Multi-Task Learning for Diabetic Retinopathy Grading and Lesion Segmentation

Authors

  • Alex Foo National University of Singapore
  • Wynne Hsu National University of Singapore
  • Mong Li Lee National University of Singapore
  • Gilbert Lim National University of Singapore
  • Tien Yin Wong Duke-NUS Medical School

DOI:

https://doi.org/10.1609/aaai.v34i08.7035

Abstract

Although deep learning for Diabetic Retinopathy (DR) screening has shown great success in achieving clinically acceptable accuracy for referable versus non-referable DR, there remains a need to provide more fine-grained grading of the DR severity level as well as automated segmentation of lesions (if any) in the retina images. We observe that the DR severity level of an image is dependent on the presence of different types of lesions and their prevalence.
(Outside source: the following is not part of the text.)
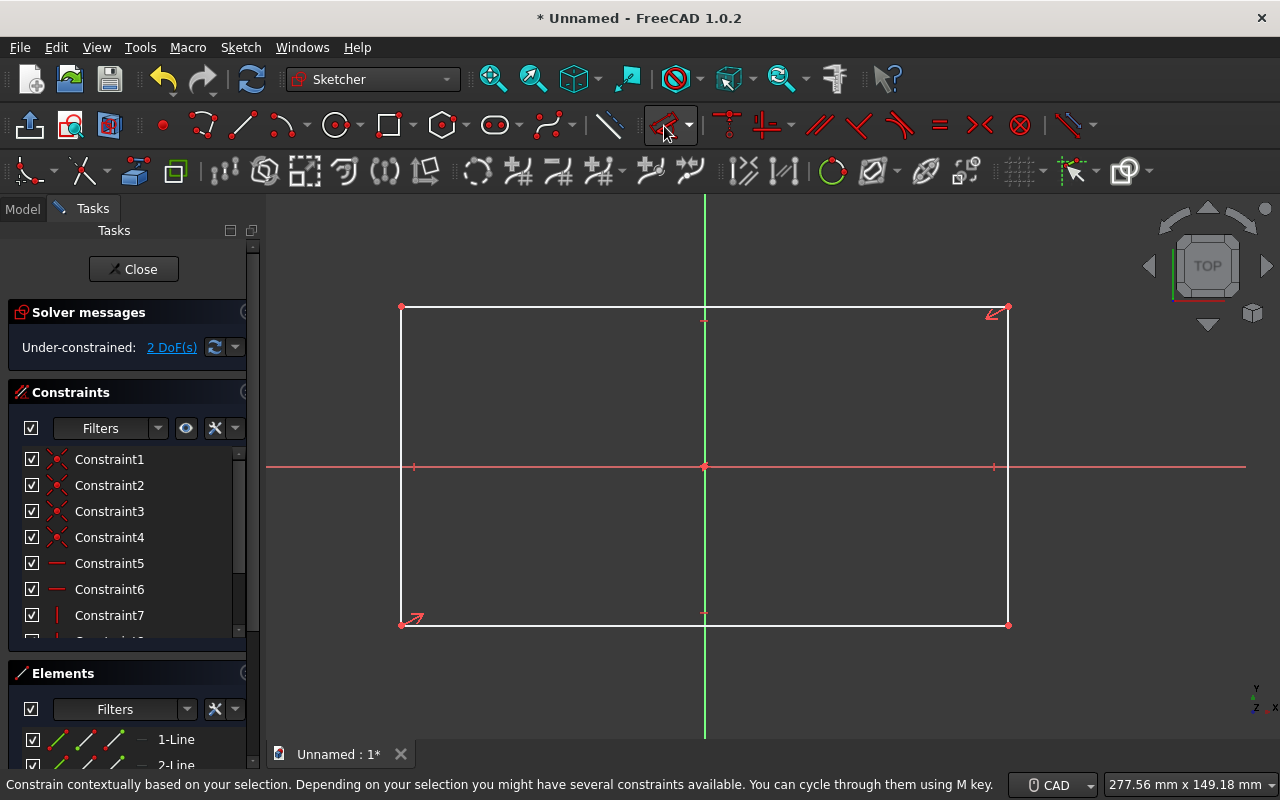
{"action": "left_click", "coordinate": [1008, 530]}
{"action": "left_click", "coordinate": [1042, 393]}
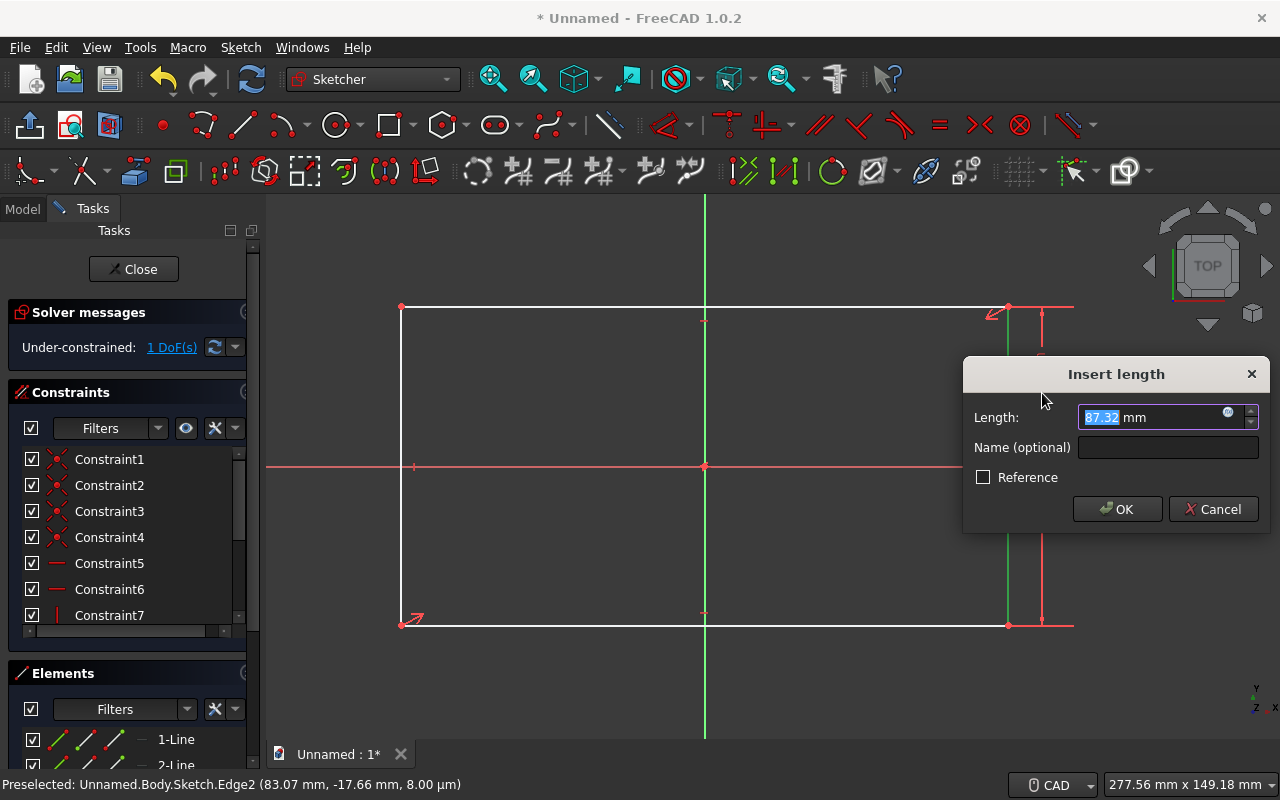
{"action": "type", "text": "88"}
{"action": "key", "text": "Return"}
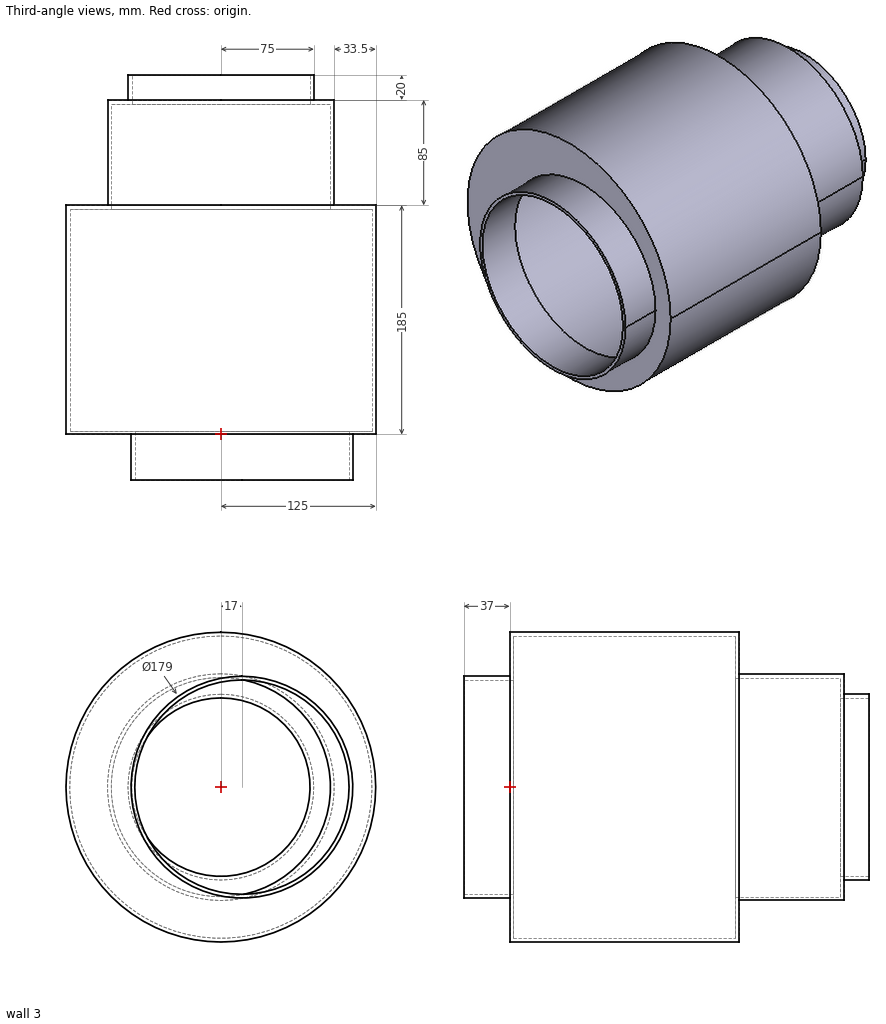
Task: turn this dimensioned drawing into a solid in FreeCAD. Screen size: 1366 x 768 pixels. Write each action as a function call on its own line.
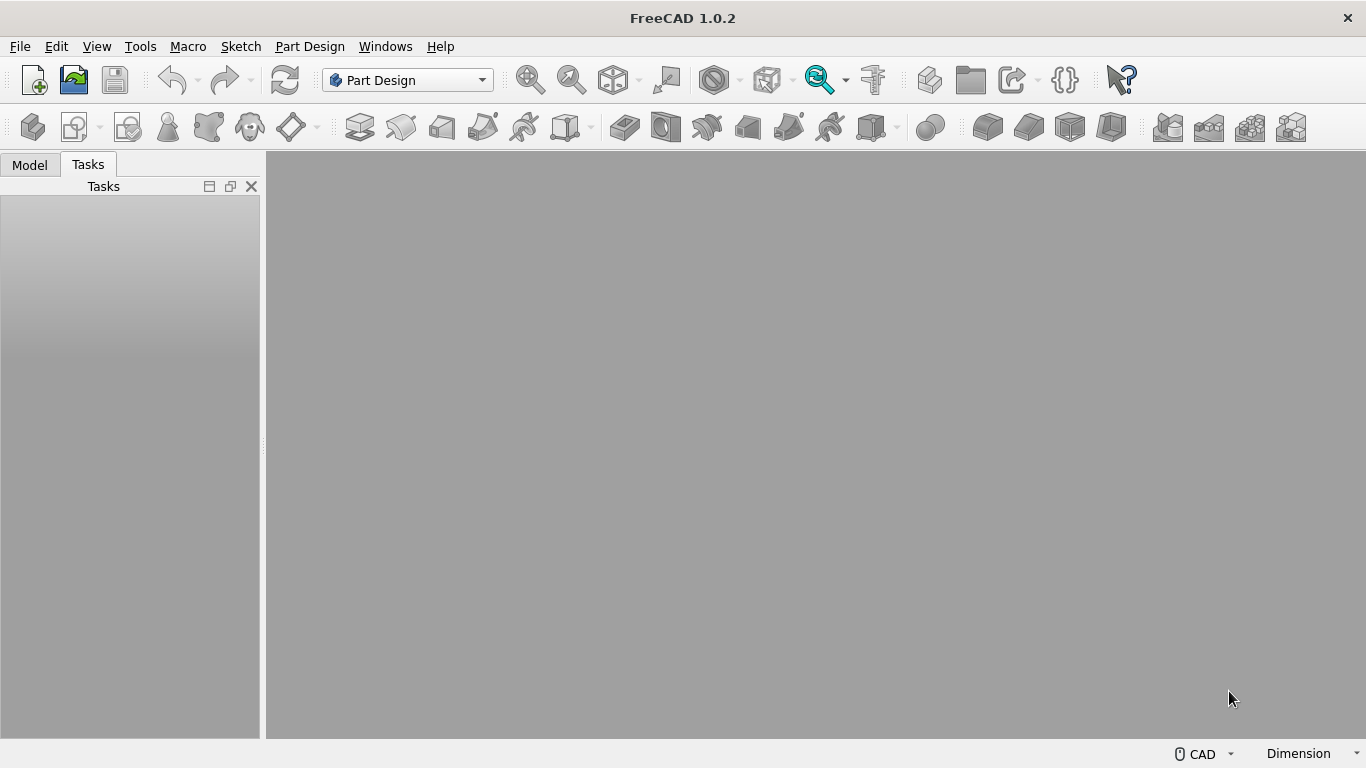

In this work, we adopt a multi-task learning approach to perform the DR grading and lesion segmentation tasks. In light of the lack of lesion segmentation mask ground-truths, we further propose a semi-supervised learning process to obtain the segmentation masks for the various datasets. Experiments results on publicly available datasets and a real world dataset obtained from population screening demonstrate the effectiveness of the multi-task solution over state-of-the-art networks.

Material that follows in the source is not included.